I am able to select the proper sub-dataframes based on the conditions specified above, but when I apply the above function on each row, I get the error. 我可以根据上面指定的条件选择适当的子数据帧,但是当我在每行上应用上述函数时,会出现错误。 What is the correct approach to group the dataframe based on the conditions listed? 根据列出的条件对数据框进行分组的正确方法是什么?

EDIT: 编辑:

Unforunately, I cannot provide a sample of my dataframe. 不幸的是,我无法提供我的数据框示例。 However, here is simple dataframe that gives an error of the same type: 但是,以下是一个简单的数据框,它给出了相同类型的错误:

import numpy as np
import pandas as pd
mydf = pd.DataFrame({'a':np.arange(10),
   'b':np.random.rand(10)})

def f1(row):
    if row['a'] < 5 & row['b'] < 0.5:
        value = 'less'
    elif row['a'] < 5 & row['b'] > 0.5:
        value = 'more'
    else:
        value = 'same'
    return value

mydf['GRP'] = mydf.apply(f1, axis=1)

ypeError: ("unsupported operand type(s) for &: 'int' and 'float'", 'occurred at index 0')

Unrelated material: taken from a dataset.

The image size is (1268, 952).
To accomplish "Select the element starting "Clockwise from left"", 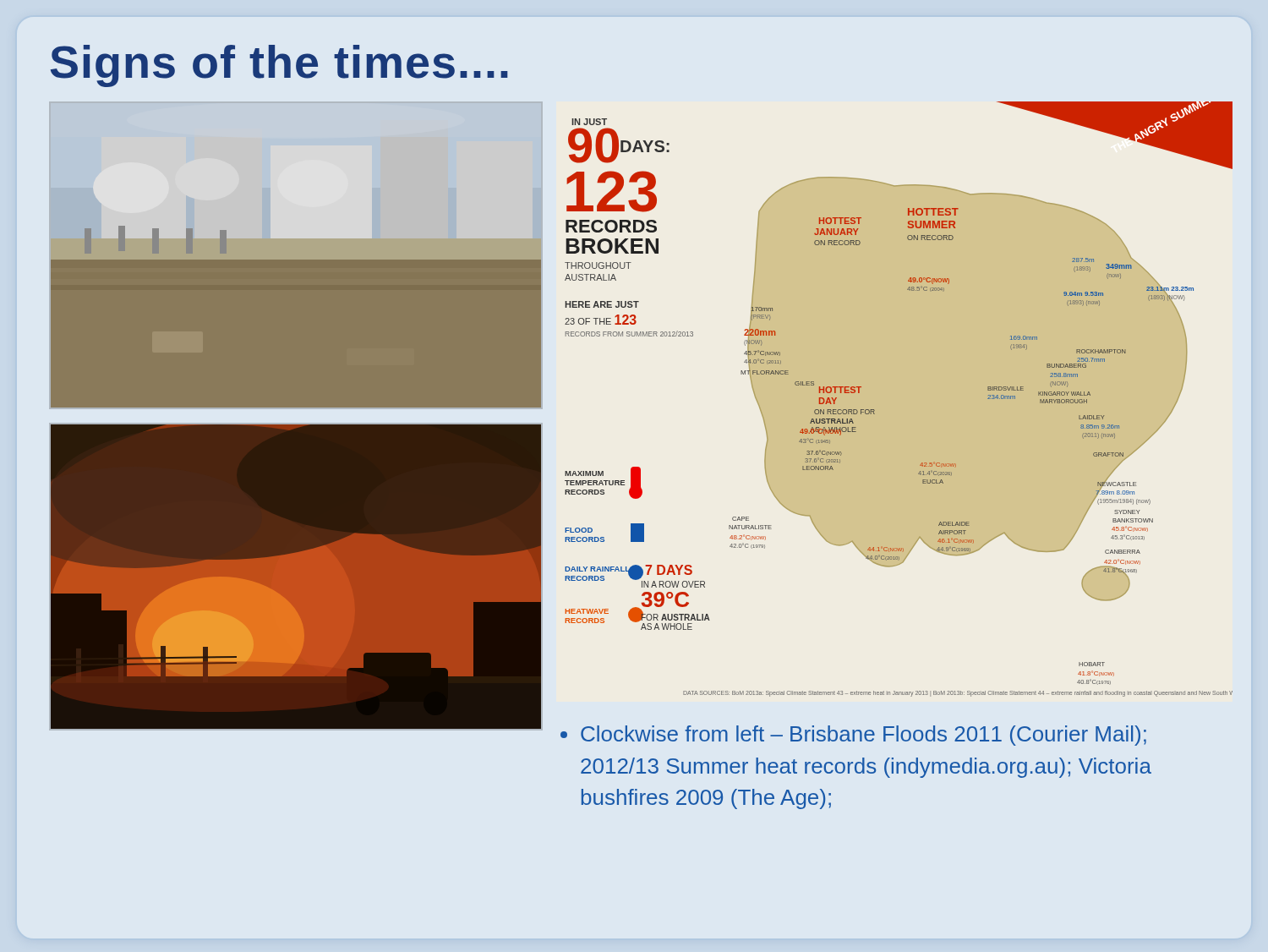I will point(894,766).

EDIT 2: As suggested below, enclosing the comparison operator with parentheses did the trick for the cooked up example. 编辑2:如下面的建议,将比较运算符括在括号内可以完成示例。 This problem is solved. 这个问题解决了。

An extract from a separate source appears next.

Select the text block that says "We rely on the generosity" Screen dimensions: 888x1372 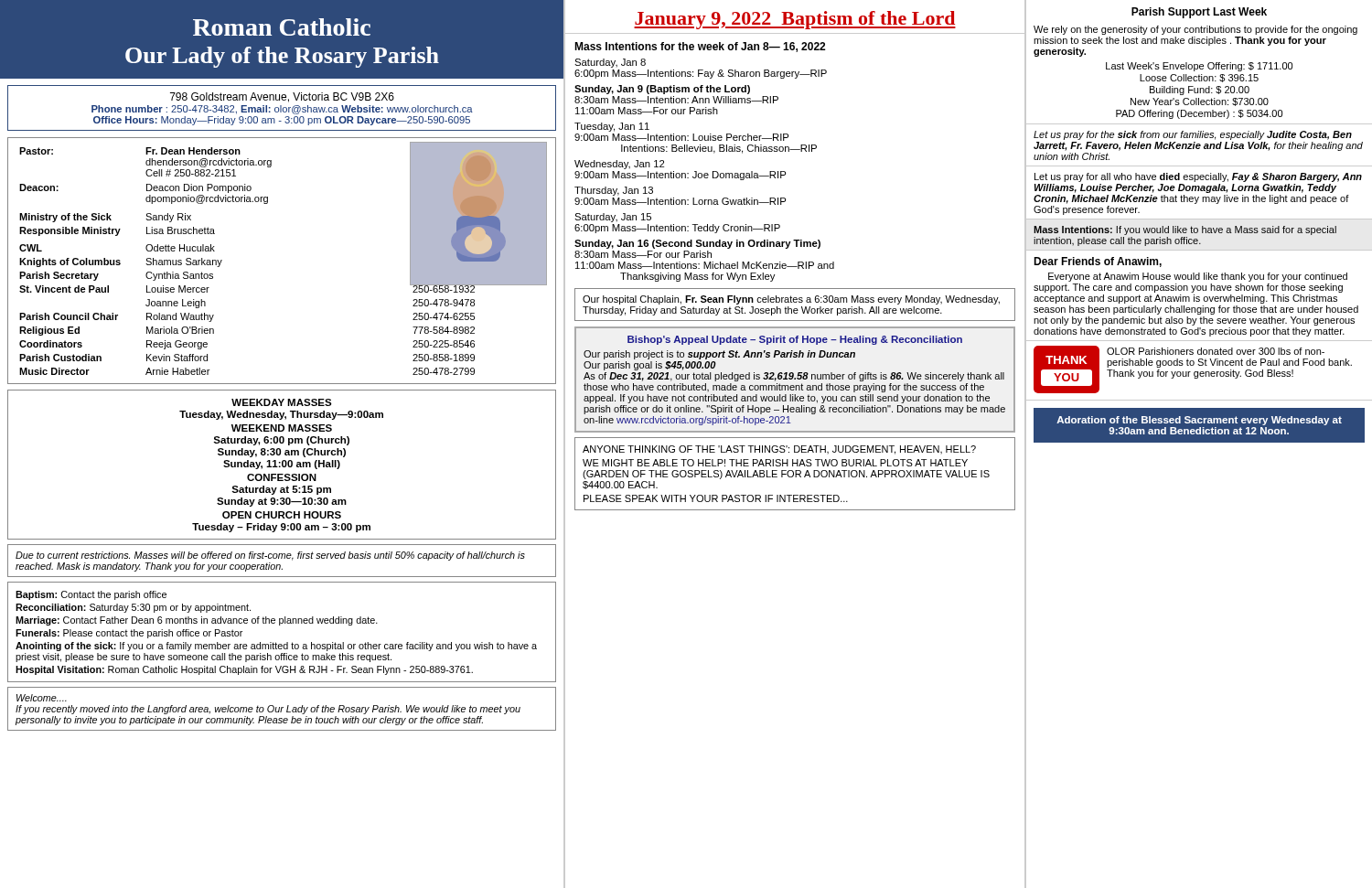click(1199, 71)
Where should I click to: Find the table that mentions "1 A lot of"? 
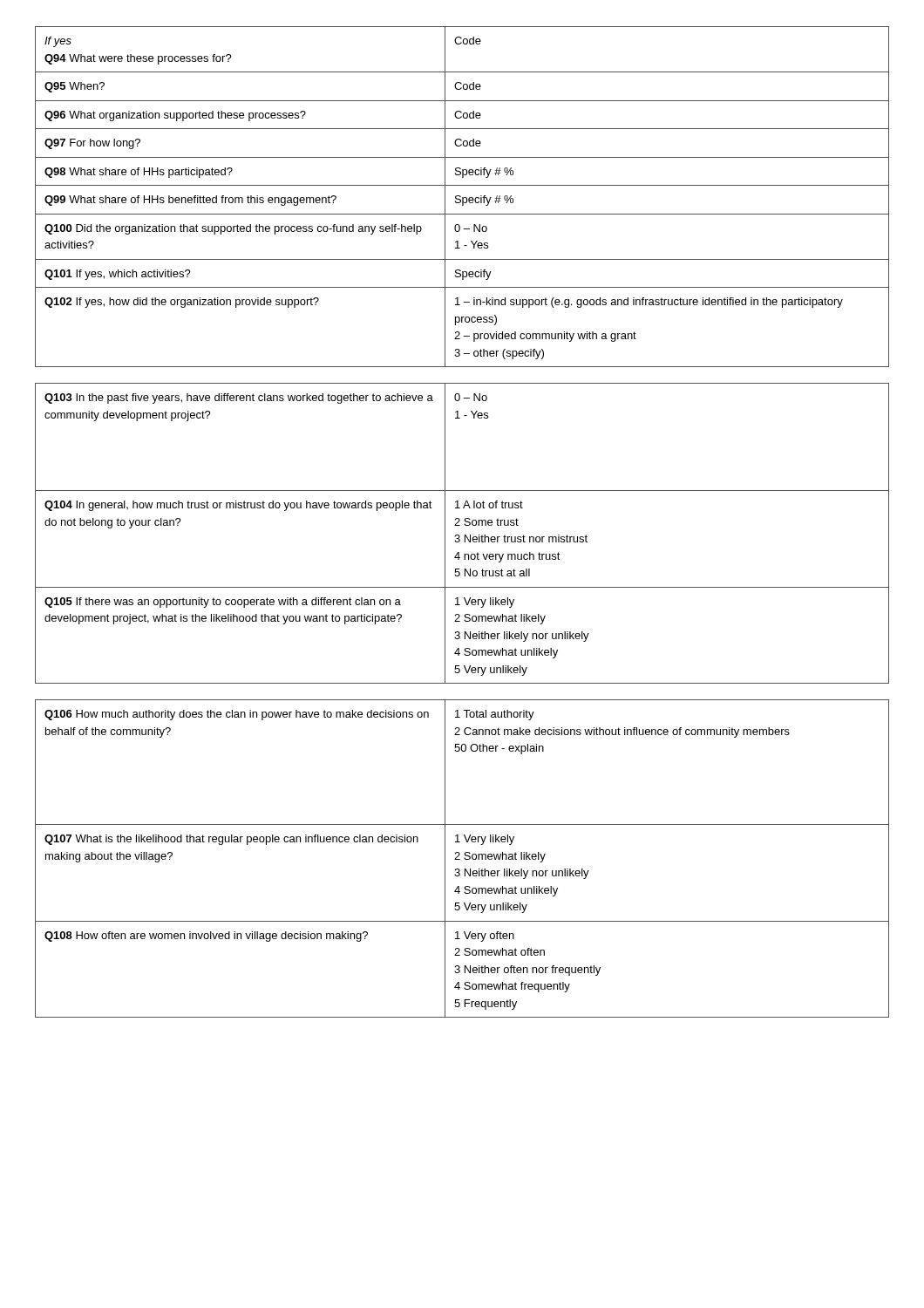[x=462, y=533]

However, I am still getting the same error in my my real example. 但是,在我的实际示例中,我仍然遇到相同的错误。 By the way, if I were to use the column 'AMP' with perhaps another column in my table, then everything works and I am able to create df['GRP'] by applying the function f to each row. 顺便说一句,如果我将“ AMP”列与表中的另一列一起使用,那么一切正常,我可以通过将f应用于每行来创建df ['GRP']。 This shows the problem is related to using df['Time']. 这表明问题与使用df ['Time']有关。 But then why am I able to select df[(df['AMP'] > 100) & (df['Time'] > day_1)]? 但是,为什么我可以选择df [(df ['AMP']> 100)和(df ['Time']> day_1)]? Why would this work in this context, but not when the condition appears in a function? 为什么这会在这种情况下起作用,但是当条件出现在函数中时却不起作用?

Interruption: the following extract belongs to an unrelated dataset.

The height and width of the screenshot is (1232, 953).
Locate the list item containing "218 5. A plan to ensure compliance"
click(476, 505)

Based on your error message and example, there are two things to fix. 根据您的错误消息和示例,有两件事要修复。 One is to adjust parentheses for operator precedence in your final elif statement. 一种是在最终的elif语句中为运算符优先级调整括号。 The other is to avoid mixing datetime.date and Timestamp objects. 另一个是避免混合datetime.dateTimestamp对象。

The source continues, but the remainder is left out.